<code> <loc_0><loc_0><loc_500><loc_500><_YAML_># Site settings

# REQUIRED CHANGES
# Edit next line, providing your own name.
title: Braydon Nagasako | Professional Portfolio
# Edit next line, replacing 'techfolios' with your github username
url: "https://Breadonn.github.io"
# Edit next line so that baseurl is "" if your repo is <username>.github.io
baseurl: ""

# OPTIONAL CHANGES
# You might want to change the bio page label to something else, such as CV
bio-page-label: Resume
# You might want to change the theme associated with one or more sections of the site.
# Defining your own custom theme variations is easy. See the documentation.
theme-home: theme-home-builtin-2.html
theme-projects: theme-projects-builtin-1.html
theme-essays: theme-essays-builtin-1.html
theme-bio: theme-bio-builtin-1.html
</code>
...
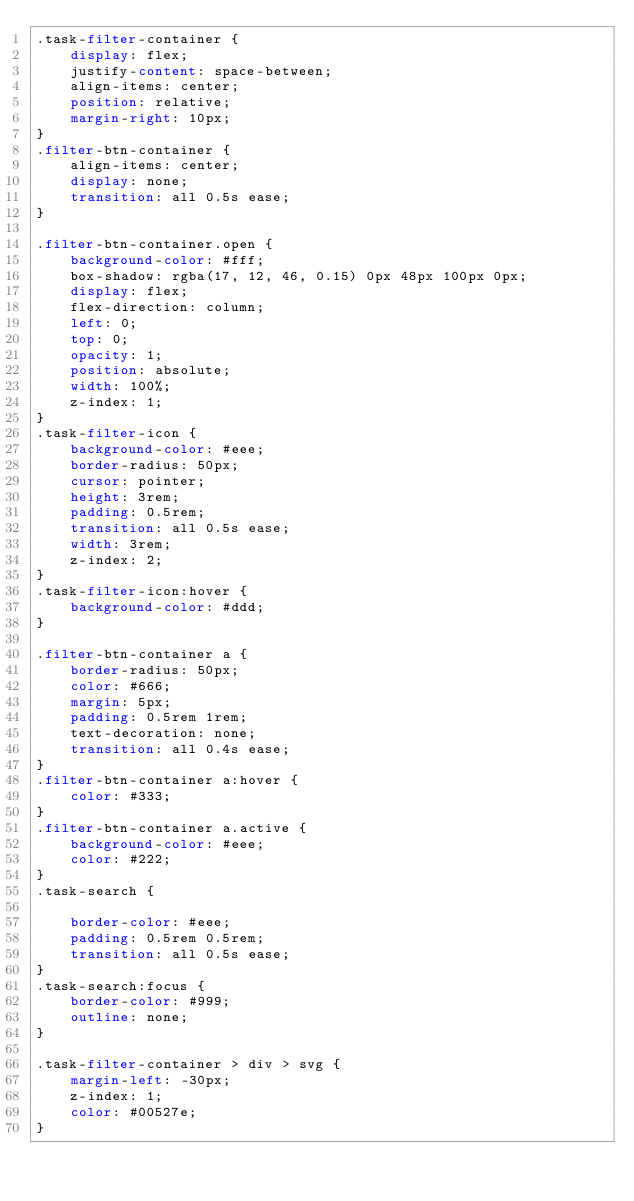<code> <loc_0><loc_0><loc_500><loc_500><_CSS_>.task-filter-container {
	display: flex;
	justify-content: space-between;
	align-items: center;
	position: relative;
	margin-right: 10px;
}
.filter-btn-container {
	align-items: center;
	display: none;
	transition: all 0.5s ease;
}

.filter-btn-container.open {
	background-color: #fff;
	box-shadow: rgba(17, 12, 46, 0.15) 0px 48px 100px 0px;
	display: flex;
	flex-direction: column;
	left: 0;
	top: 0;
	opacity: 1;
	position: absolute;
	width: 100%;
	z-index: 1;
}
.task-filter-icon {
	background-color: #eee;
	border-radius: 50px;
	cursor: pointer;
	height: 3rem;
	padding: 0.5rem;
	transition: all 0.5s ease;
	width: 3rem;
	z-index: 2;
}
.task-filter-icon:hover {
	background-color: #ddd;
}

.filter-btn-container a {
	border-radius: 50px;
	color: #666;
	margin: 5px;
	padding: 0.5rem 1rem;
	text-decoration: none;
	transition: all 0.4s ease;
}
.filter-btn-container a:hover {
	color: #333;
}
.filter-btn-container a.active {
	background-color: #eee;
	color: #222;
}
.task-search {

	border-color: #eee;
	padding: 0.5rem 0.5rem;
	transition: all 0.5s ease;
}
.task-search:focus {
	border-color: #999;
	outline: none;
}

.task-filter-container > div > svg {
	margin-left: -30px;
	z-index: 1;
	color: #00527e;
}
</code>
---
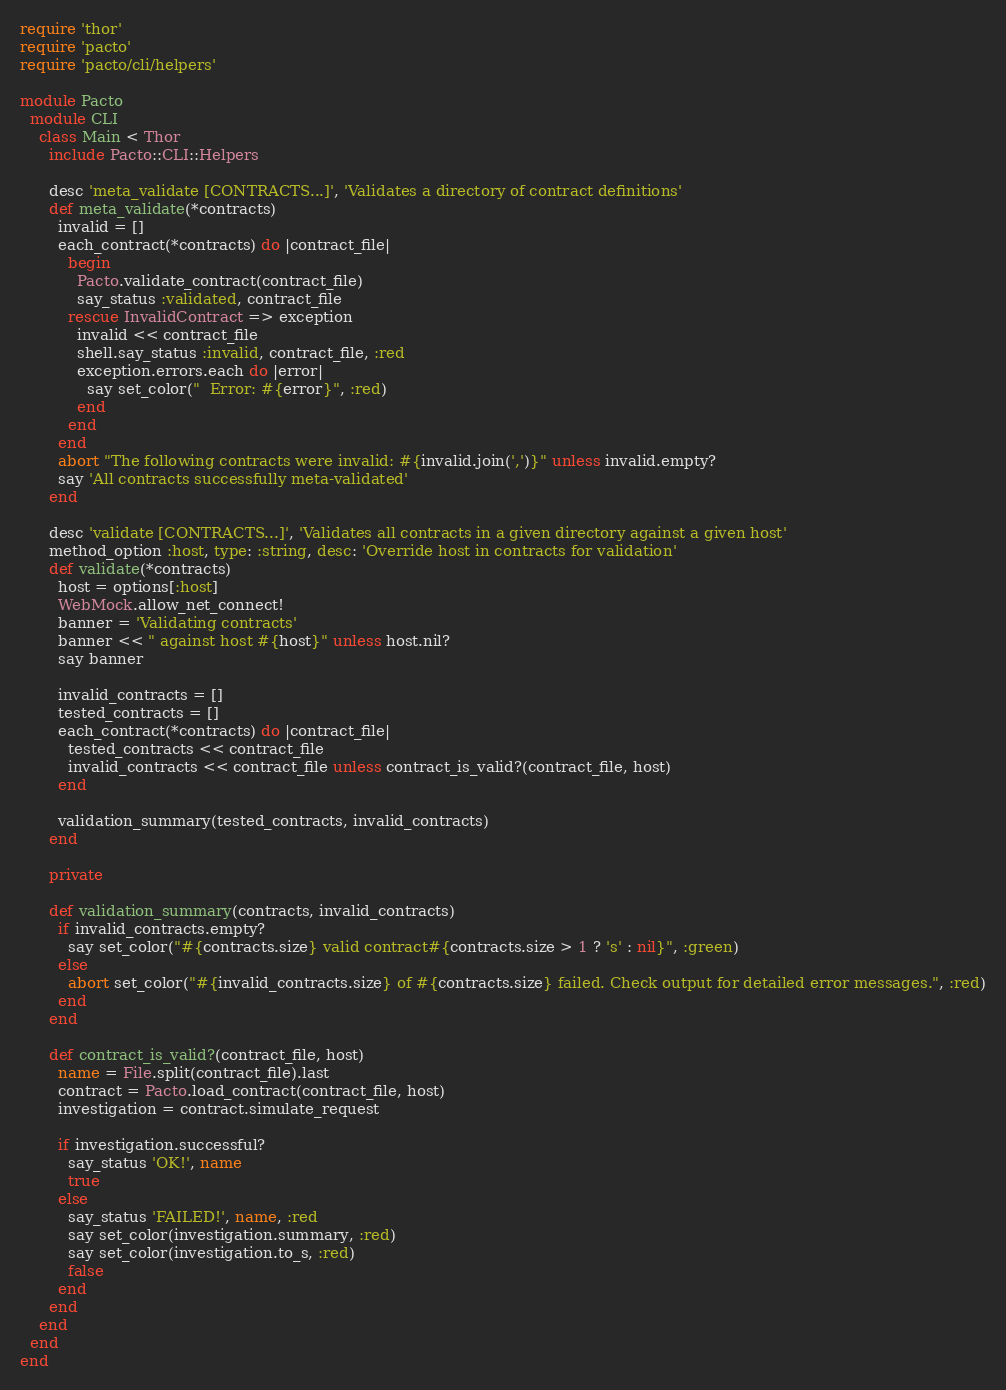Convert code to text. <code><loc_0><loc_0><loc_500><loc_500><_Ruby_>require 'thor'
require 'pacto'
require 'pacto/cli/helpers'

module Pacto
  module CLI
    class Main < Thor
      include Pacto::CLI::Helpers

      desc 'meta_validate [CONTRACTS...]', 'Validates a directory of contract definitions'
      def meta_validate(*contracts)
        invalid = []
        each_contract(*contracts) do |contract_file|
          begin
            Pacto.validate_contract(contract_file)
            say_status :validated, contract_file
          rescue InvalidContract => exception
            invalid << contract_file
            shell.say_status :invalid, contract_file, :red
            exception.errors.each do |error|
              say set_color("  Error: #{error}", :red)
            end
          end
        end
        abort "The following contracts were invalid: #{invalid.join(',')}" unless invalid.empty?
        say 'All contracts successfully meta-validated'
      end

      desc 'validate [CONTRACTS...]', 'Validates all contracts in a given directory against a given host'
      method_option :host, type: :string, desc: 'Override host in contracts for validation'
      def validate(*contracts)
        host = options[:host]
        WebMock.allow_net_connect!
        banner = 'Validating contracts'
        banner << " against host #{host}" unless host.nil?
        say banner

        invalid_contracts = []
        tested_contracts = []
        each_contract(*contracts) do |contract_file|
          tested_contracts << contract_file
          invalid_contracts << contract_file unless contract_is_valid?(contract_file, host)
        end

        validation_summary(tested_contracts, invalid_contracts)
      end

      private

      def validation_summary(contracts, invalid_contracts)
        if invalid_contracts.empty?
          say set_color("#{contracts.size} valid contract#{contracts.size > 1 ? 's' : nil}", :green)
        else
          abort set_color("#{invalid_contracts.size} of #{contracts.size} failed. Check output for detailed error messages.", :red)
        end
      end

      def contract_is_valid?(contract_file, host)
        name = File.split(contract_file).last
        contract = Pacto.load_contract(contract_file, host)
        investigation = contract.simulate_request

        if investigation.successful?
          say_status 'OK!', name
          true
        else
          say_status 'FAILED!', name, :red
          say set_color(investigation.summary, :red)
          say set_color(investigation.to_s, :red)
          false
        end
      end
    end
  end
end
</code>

# Activity
Note how many lines in the listing above hold the string "background", then give only that figure.

# Answer for the task
4